◆ **PROBLEM STATEMENT**
Repeat only the stretch of lines below that runs from the line with "7. car <box>137,198,168,218</box>" through the line with "10. van <box>173,196,201,211</box>", unaltered.

Records from a dataset:
────────────────────
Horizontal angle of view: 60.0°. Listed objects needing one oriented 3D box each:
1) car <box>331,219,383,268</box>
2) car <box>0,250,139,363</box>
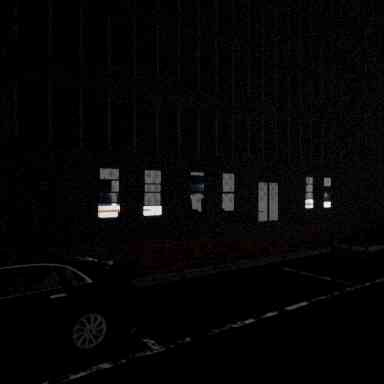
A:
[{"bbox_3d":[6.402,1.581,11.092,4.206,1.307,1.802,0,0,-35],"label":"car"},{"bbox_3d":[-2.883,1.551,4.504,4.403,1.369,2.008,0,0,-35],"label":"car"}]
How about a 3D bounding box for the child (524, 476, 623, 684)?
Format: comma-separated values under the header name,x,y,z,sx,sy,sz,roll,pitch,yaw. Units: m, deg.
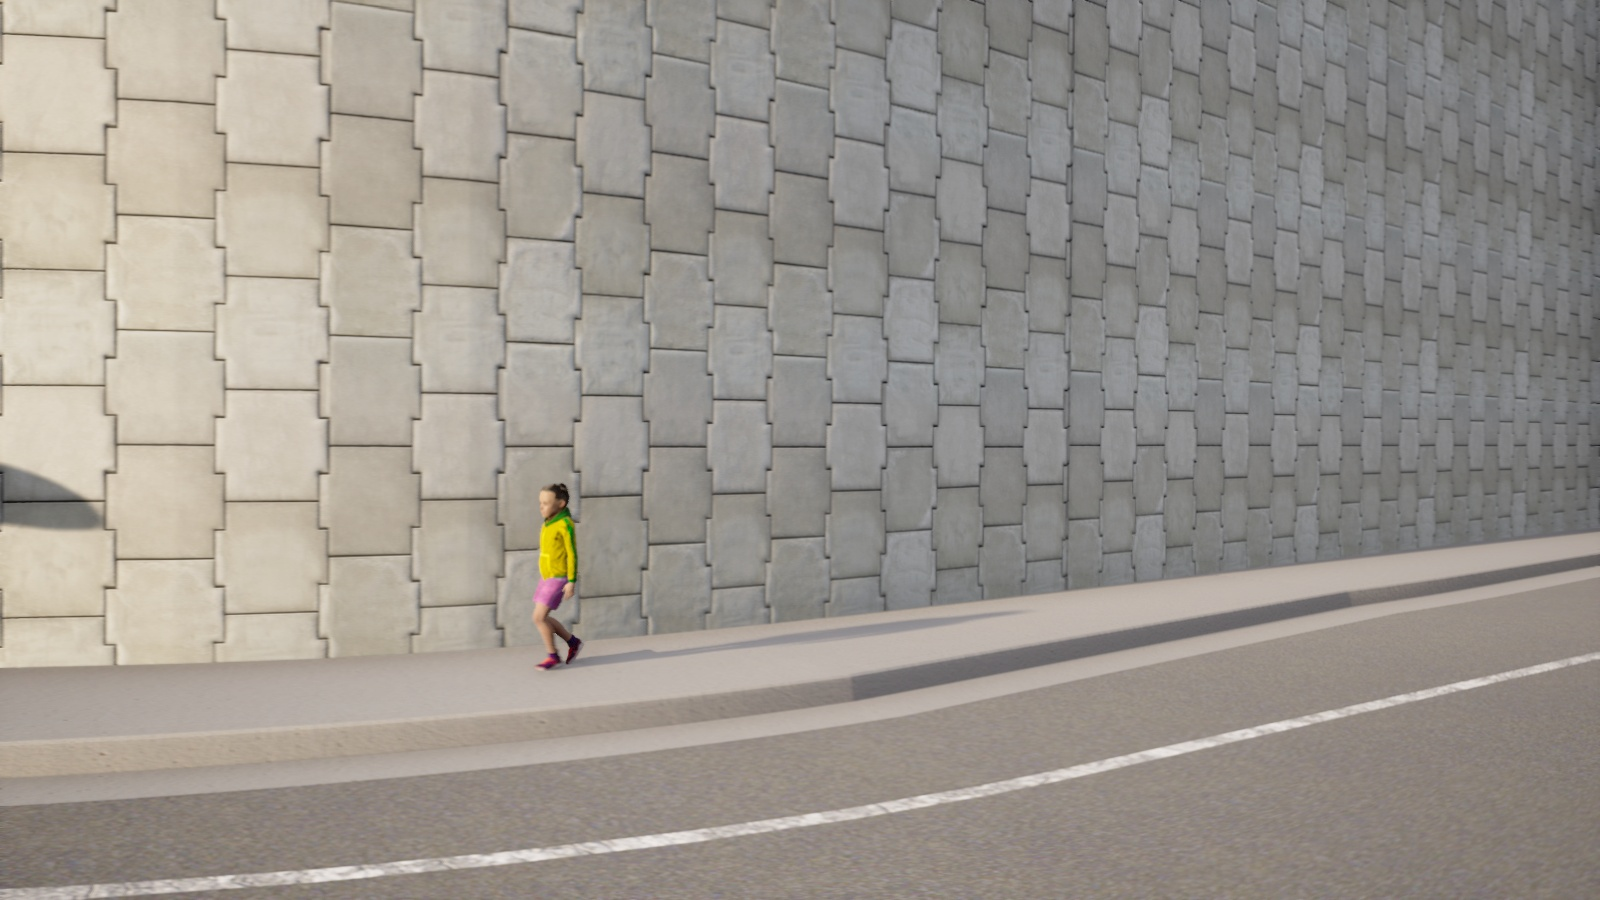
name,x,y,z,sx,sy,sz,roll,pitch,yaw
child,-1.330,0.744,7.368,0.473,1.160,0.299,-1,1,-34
────────────────────
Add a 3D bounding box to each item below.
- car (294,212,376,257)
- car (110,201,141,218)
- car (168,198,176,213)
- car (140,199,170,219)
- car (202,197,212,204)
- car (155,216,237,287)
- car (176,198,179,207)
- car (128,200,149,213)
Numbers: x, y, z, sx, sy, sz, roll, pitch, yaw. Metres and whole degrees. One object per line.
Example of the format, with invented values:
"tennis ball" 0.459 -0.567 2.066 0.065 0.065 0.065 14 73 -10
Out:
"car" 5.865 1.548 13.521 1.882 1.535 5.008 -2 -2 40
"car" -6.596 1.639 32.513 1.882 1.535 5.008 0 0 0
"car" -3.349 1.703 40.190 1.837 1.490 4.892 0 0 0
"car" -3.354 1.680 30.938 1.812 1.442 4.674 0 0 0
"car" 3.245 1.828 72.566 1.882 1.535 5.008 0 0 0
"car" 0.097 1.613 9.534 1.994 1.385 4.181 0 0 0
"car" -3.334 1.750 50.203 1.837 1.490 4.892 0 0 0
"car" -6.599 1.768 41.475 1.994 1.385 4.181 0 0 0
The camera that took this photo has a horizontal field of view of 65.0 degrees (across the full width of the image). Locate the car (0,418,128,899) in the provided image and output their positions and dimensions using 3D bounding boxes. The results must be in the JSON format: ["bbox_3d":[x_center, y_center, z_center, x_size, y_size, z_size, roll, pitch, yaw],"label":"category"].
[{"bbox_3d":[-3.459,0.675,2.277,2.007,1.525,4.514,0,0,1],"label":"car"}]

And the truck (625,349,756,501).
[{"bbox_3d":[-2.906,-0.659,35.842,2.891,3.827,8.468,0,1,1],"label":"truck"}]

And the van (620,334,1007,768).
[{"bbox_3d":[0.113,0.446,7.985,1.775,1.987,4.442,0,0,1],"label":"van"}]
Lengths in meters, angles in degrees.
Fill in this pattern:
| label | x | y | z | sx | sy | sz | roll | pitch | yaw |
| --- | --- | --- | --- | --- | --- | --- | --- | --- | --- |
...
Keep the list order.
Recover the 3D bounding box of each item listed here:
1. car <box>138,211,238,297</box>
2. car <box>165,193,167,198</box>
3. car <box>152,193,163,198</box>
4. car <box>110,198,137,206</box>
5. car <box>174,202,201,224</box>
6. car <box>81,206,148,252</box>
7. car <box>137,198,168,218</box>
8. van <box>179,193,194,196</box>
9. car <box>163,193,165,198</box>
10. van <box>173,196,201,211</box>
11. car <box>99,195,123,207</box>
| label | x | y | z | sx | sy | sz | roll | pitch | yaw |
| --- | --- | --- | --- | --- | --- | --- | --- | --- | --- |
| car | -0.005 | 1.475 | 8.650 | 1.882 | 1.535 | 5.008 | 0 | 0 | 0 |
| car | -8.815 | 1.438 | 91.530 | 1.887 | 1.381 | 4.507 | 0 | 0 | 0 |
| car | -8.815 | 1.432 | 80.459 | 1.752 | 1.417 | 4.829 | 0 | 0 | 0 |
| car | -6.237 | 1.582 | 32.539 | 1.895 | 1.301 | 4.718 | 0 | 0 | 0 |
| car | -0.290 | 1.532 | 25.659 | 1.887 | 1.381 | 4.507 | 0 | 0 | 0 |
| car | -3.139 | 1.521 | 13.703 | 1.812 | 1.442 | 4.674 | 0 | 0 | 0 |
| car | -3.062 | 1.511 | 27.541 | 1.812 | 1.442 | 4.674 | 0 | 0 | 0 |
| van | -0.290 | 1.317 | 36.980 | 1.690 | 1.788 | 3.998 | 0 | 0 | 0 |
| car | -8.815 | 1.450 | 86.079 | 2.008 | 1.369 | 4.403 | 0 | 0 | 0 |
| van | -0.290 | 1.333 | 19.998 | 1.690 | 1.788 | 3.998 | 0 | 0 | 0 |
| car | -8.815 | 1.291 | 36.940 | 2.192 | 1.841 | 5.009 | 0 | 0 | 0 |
────────────────────
◆ **WRITTEN RESPONSE**
7. car <box>137,198,168,218</box>
8. van <box>179,193,194,196</box>
9. car <box>163,193,165,198</box>
10. van <box>173,196,201,211</box>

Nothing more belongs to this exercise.